- **Problem to work on**
Examine each line of the data. Copy those that contain the string "section".

- **Material provided**

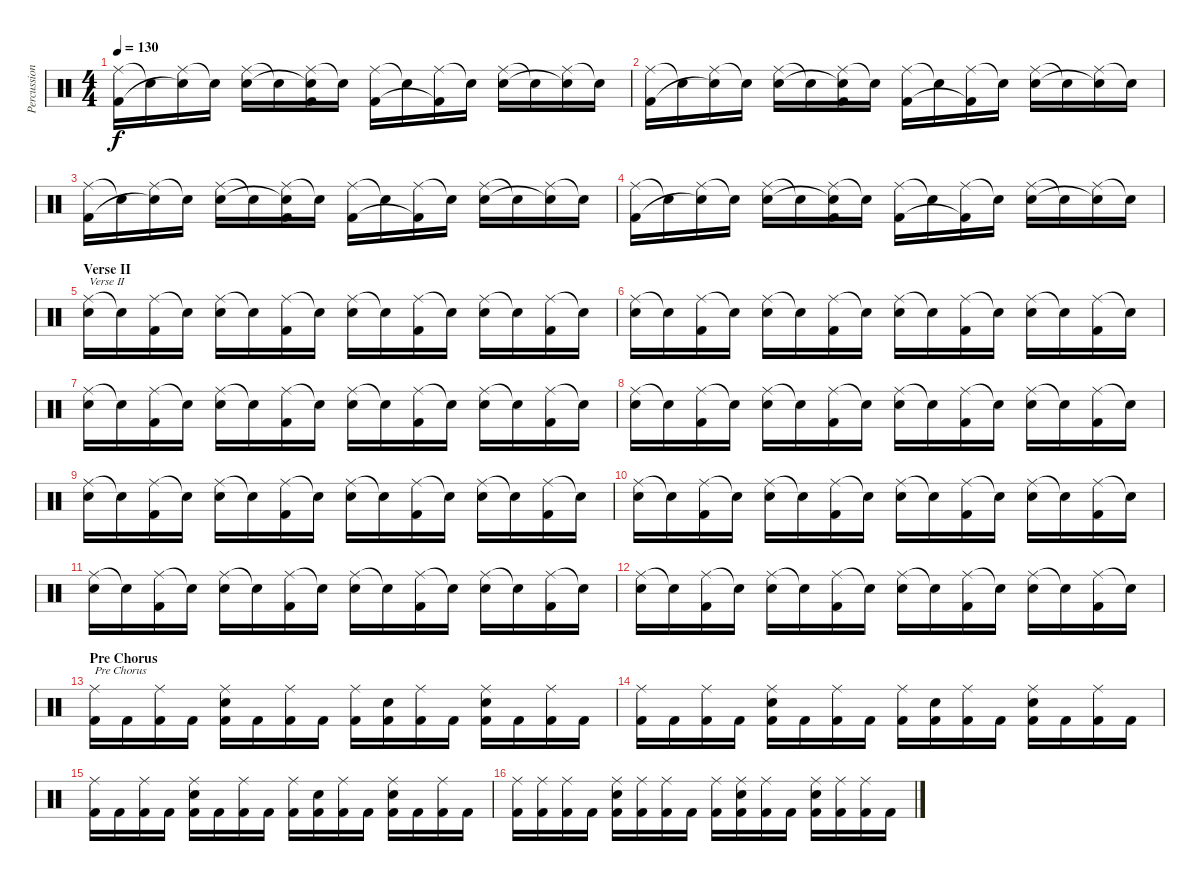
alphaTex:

\track ("Percussion" "Percussion") {instrument percussion}
\staff {score}
\articulation defaults
\ts (4 4)
\tempo 130
\clef neutral
\ks c
("Ride (middle)" "Kick (hit) 2").16{dy f} "Snare (hit)"{t}.16 ("Ride (middle)" "Snare (hit)"{t}).16 "Snare (hit)"{t}.16 ("Ride (middle)" "Electric Snare (hit)").16 "Snare (hit)"{t}.16 ("Ride (middle)" "Snare (hit)"{t} "Kick (hit) 2").16 "Snare (hit)"{t}.16 ("Ride (middle)" "Kick (hit) 2").16 "Snare (hit)"{t}.16 ("Ride (middle)" "Kick (hit) 2"{t}).16 "Snare (hit)"{t}.16 ("Ride (middle)" "Electric Snare (hit)").16 "Snare (hit)"{t}.16 ("Ride (middle)" "Snare (hit)"{t}).16 "Snare (hit)"{t}.16 |
("Ride (middle)" "Kick (hit) 2").16 "Snare (hit)"{t}.16 ("Ride (middle)" "Snare (hit)"{t}).16 "Snare (hit)"{t}.16 ("Ride (middle)" "Electric Snare (hit)").16 "Snare (hit)"{t}.16 ("Ride (middle)" "Snare (hit)"{t} "Kick (hit) 2").16 "Snare (hit)"{t}.16 ("Ride (middle)" "Kick (hit) 2").16 "Snare (hit)"{t}.16 ("Ride (middle)" "Kick (hit) 2"{t}).16 "Snare (hit)"{t}.16 ("Ride (middle)" "Electric Snare (hit)").16 "Snare (hit)"{t}.16 ("Ride (middle)" "Snare (hit)"{t}).16 "Snare (hit)"{t}.16 |
("Ride (middle)" "Kick (hit) 2").16 "Snare (hit)"{t}.16 ("Ride (middle)" "Snare (hit)"{t}).16 "Snare (hit)"{t}.16 ("Ride (middle)" "Electric Snare (hit)").16 "Snare (hit)"{t}.16 ("Ride (middle)" "Snare (hit)"{t} "Kick (hit) 2").16 "Snare (hit)"{t}.16 ("Ride (middle)" "Kick (hit) 2").16 "Snare (hit)"{t}.16 ("Ride (middle)" "Kick (hit) 2"{t}).16 "Snare (hit)"{t}.16 ("Ride (middle)" "Electric Snare (hit)").16 "Snare (hit)"{t}.16 ("Ride (middle)" "Snare (hit)"{t}).16 "Snare (hit)"{t}.16 |
("Ride (middle)" "Kick (hit) 2").16 "Snare (hit)"{t}.16 ("Ride (middle)" "Snare (hit)"{t}).16 "Snare (hit)"{t}.16 ("Ride (middle)" "Electric Snare (hit)").16 "Snare (hit)"{t}.16 ("Ride (middle)" "Snare (hit)"{t} "Kick (hit) 2").16 "Snare (hit)"{t}.16 ("Ride (middle)" "Kick (hit) 2").16 "Snare (hit)"{t}.16 ("Ride (middle)" "Kick (hit) 2"{t}).16 "Snare (hit)"{t}.16 ("Ride (middle)" "Electric Snare (hit)").16 "Snare (hit)"{t}.16 ("Ride (middle)" "Snare (hit)"{t}).16 "Snare (hit)"{t}.16 |
\section ("" "Verse II")
("Ride (middle)" "Electric Snare (hit)").16{txt "Verse II"} "Snare (hit)"{t}.16 ("Ride (middle)" "Kick (hit) 2").16 "Snare (hit)"{t}.16 ("Ride (middle)" "Electric Snare (hit)").16 "Snare (hit)"{t}.16 ("Ride (middle)" "Kick (hit) 2").16 "Snare (hit)"{t}.16 ("Ride (middle)" "Electric Snare (hit)").16 "Snare (hit)"{t}.16 ("Ride (middle)" "Kick (hit) 2").16 "Snare (hit)"{t}.16 ("Ride (middle)" "Electric Snare (hit)").16 "Snare (hit)"{t}.16 ("Ride (middle)" "Kick (hit) 2").16 "Snare (hit)"{t}.16 |
("Ride (middle)" "Electric Snare (hit)").16 "Snare (hit)"{t}.16 ("Ride (middle)" "Kick (hit) 2").16 "Snare (hit)"{t}.16 ("Ride (middle)" "Electric Snare (hit)").16 "Snare (hit)"{t}.16 ("Ride (middle)" "Kick (hit) 2").16 "Snare (hit)"{t}.16 ("Ride (middle)" "Electric Snare (hit)").16 "Snare (hit)"{t}.16 ("Ride (middle)" "Kick (hit) 2").16 "Snare (hit)"{t}.16 ("Ride (middle)" "Electric Snare (hit)").16 "Snare (hit)"{t}.16 ("Ride (middle)" "Kick (hit) 2").16 "Snare (hit)"{t}.16 |
("Ride (middle)" "Electric Snare (hit)").16 "Snare (hit)"{t}.16 ("Ride (middle)" "Kick (hit) 2").16 "Snare (hit)"{t}.16 ("Ride (middle)" "Electric Snare (hit)").16 "Snare (hit)"{t}.16 ("Ride (middle)" "Kick (hit) 2").16 "Snare (hit)"{t}.16 ("Ride (middle)" "Electric Snare (hit)").16 "Snare (hit)"{t}.16 ("Ride (middle)" "Kick (hit) 2").16 "Snare (hit)"{t}.16 ("Ride (middle)" "Electric Snare (hit)").16 "Snare (hit)"{t}.16 ("Ride (middle)" "Kick (hit) 2").16 "Snare (hit)"{t}.16 |
("Ride (middle)" "Electric Snare (hit)").16 "Snare (hit)"{t}.16 ("Ride (middle)" "Kick (hit) 2").16 "Snare (hit)"{t}.16 ("Ride (middle)" "Electric Snare (hit)").16 "Snare (hit)"{t}.16 ("Ride (middle)" "Kick (hit) 2").16 "Snare (hit)"{t}.16 ("Ride (middle)" "Electric Snare (hit)").16 "Snare (hit)"{t}.16 ("Ride (middle)" "Kick (hit) 2").16 "Snare (hit)"{t}.16 ("Ride (middle)" "Electric Snare (hit)").16 "Snare (hit)"{t}.16 ("Ride (middle)" "Kick (hit) 2").16 "Snare (hit)"{t}.16 |
("Ride (middle)" "Electric Snare (hit)").16 "Snare (hit)"{t}.16 ("Ride (middle)" "Kick (hit) 2").16 "Snare (hit)"{t}.16 ("Ride (middle)" "Electric Snare (hit)").16 "Snare (hit)"{t}.16 ("Ride (middle)" "Kick (hit) 2").16 "Snare (hit)"{t}.16 ("Ride (middle)" "Electric Snare (hit)").16 "Snare (hit)"{t}.16 ("Ride (middle)" "Kick (hit) 2").16 "Snare (hit)"{t}.16 ("Ride (middle)" "Electric Snare (hit)").16 "Snare (hit)"{t}.16 ("Ride (middle)" "Kick (hit) 2").16 "Snare (hit)"{t}.16 |
("Ride (middle)" "Electric Snare (hit)").16 "Snare (hit)"{t}.16 ("Ride (middle)" "Kick (hit) 2").16 "Snare (hit)"{t}.16 ("Ride (middle)" "Electric Snare (hit)").16 "Snare (hit)"{t}.16 ("Ride (middle)" "Kick (hit) 2").16 "Snare (hit)"{t}.16 ("Ride (middle)" "Electric Snare (hit)").16 "Snare (hit)"{t}.16 ("Ride (middle)" "Kick (hit) 2").16 "Snare (hit)"{t}.16 ("Ride (middle)" "Electric Snare (hit)").16 "Snare (hit)"{t}.16 ("Ride (middle)" "Kick (hit) 2").16 "Snare (hit)"{t}.16 |
("Ride (middle)" "Electric Snare (hit)").16 "Snare (hit)"{t}.16 ("Ride (middle)" "Kick (hit) 2").16 "Snare (hit)"{t}.16 ("Ride (middle)" "Electric Snare (hit)").16 "Snare (hit)"{t}.16 ("Ride (middle)" "Kick (hit) 2").16 "Snare (hit)"{t}.16 ("Ride (middle)" "Electric Snare (hit)").16 "Snare (hit)"{t}.16 ("Ride (middle)" "Kick (hit) 2").16 "Snare (hit)"{t}.16 ("Ride (middle)" "Electric Snare (hit)").16 "Snare (hit)"{t}.16 ("Ride (middle)" "Kick (hit) 2").16 "Snare (hit)"{t}.16 |
("Ride (middle)" "Electric Snare (hit)").16 "Snare (hit)"{t}.16 ("Ride (middle)" "Kick (hit) 2").16 "Snare (hit)"{t}.16 ("Ride (middle)" "Electric Snare (hit)").16 "Snare (hit)"{t}.16 ("Ride (middle)" "Kick (hit) 2").16 "Snare (hit)"{t}.16 ("Ride (middle)" "Electric Snare (hit)").16 "Snare (hit)"{t}.16 ("Ride (middle)" "Kick (hit) 2").16 "Snare (hit)"{t}.16 ("Ride (middle)" "Electric Snare (hit)").16 "Snare (hit)"{t}.16 ("Ride (middle)" "Kick (hit) 2").16 "Snare (hit)"{t}.16 |
\section ("" "Pre Chorus")
("Ride (middle)" "Kick (hit) 2").16{txt "Pre Chorus"} "Kick (hit) 2".16 ("Ride (middle)" "Kick (hit) 2").16 "Kick (hit) 2".16 ("Ride (middle)" "Electric Snare (hit)" "Kick (hit) 2").16 "Kick (hit) 2".16 ("Ride (middle)" "Kick (hit) 2").16 "Kick (hit) 2".16 ("Ride (middle)" "Kick (hit) 2").16 ("Electric Snare (hit)" "Kick (hit) 2").16 ("Ride (middle)" "Kick (hit) 2").16 "Kick (hit) 2".16 ("Ride (middle)" "Electric Snare (hit)" "Kick (hit) 2").16 "Kick (hit) 2".16 ("Ride (middle)" "Kick (hit) 2").16 "Kick (hit) 2".16 |
("Ride (middle)" "Kick (hit) 2").16 "Kick (hit) 2".16 ("Ride (middle)" "Kick (hit) 2").16 "Kick (hit) 2".16 ("Ride (middle)" "Electric Snare (hit)" "Kick (hit) 2").16 "Kick (hit) 2".16 ("Ride (middle)" "Kick (hit) 2").16 "Kick (hit) 2".16 ("Ride (middle)" "Kick (hit) 2").16 ("Electric Snare (hit)" "Kick (hit) 2").16 ("Ride (middle)" "Kick (hit) 2").16 "Kick (hit) 2".16 ("Ride (middle)" "Electric Snare (hit)" "Kick (hit) 2").16 "Kick (hit) 2".16 ("Ride (middle)" "Kick (hit) 2").16 "Kick (hit) 2".16 |
("Ride (middle)" "Kick (hit) 2").16 "Kick (hit) 2".16 ("Ride (middle)" "Kick (hit) 2").16 "Kick (hit) 2".16 ("Ride (middle)" "Electric Snare (hit)" "Kick (hit) 2").16 "Kick (hit) 2".16 ("Ride (middle)" "Kick (hit) 2").16 "Kick (hit) 2".16 ("Ride (middle)" "Kick (hit) 2").16 ("Electric Snare (hit)" "Kick (hit) 2").16 ("Ride (middle)" "Kick (hit) 2").16 "Kick (hit) 2".16 ("Ride (middle)" "Electric Snare (hit)" "Kick (hit) 2").16 "Kick (hit) 2".16 ("Ride (middle)" "Kick (hit) 2").16 "Kick (hit) 2".16 |
("Ride (middle)" "Kick (hit) 2").16 ("Ride (middle)" "Kick (hit) 2").16 ("Ride (middle)" "Kick (hit) 2").16 "Kick (hit) 2".16 ("Ride (middle)" "Electric Snare (hit)" "Kick (hit) 2").16 ("Ride (middle)" "Kick (hit) 2").16 ("Ride (middle)" "Kick (hit) 2").16 "Kick (hit) 2".16 ("Ride (middle)" "Kick (hit) 2").16 ("Ride (middle)" "Electric Snare (hit)" "Kick (hit) 2").16 ("Ride (middle)" "Kick (hit) 2").16 "Kick (hit) 2".16 ("Ride (middle)" "Electric Snare (hit)" "Kick (hit) 2").16 ("Ride (middle)" "Kick (hit) 2").16 ("Ride (middle)" "Kick (hit) 2").16 "Kick (hit) 2".16

- **Result below**
\section ("" "Verse II")
\section ("" "Pre Chorus")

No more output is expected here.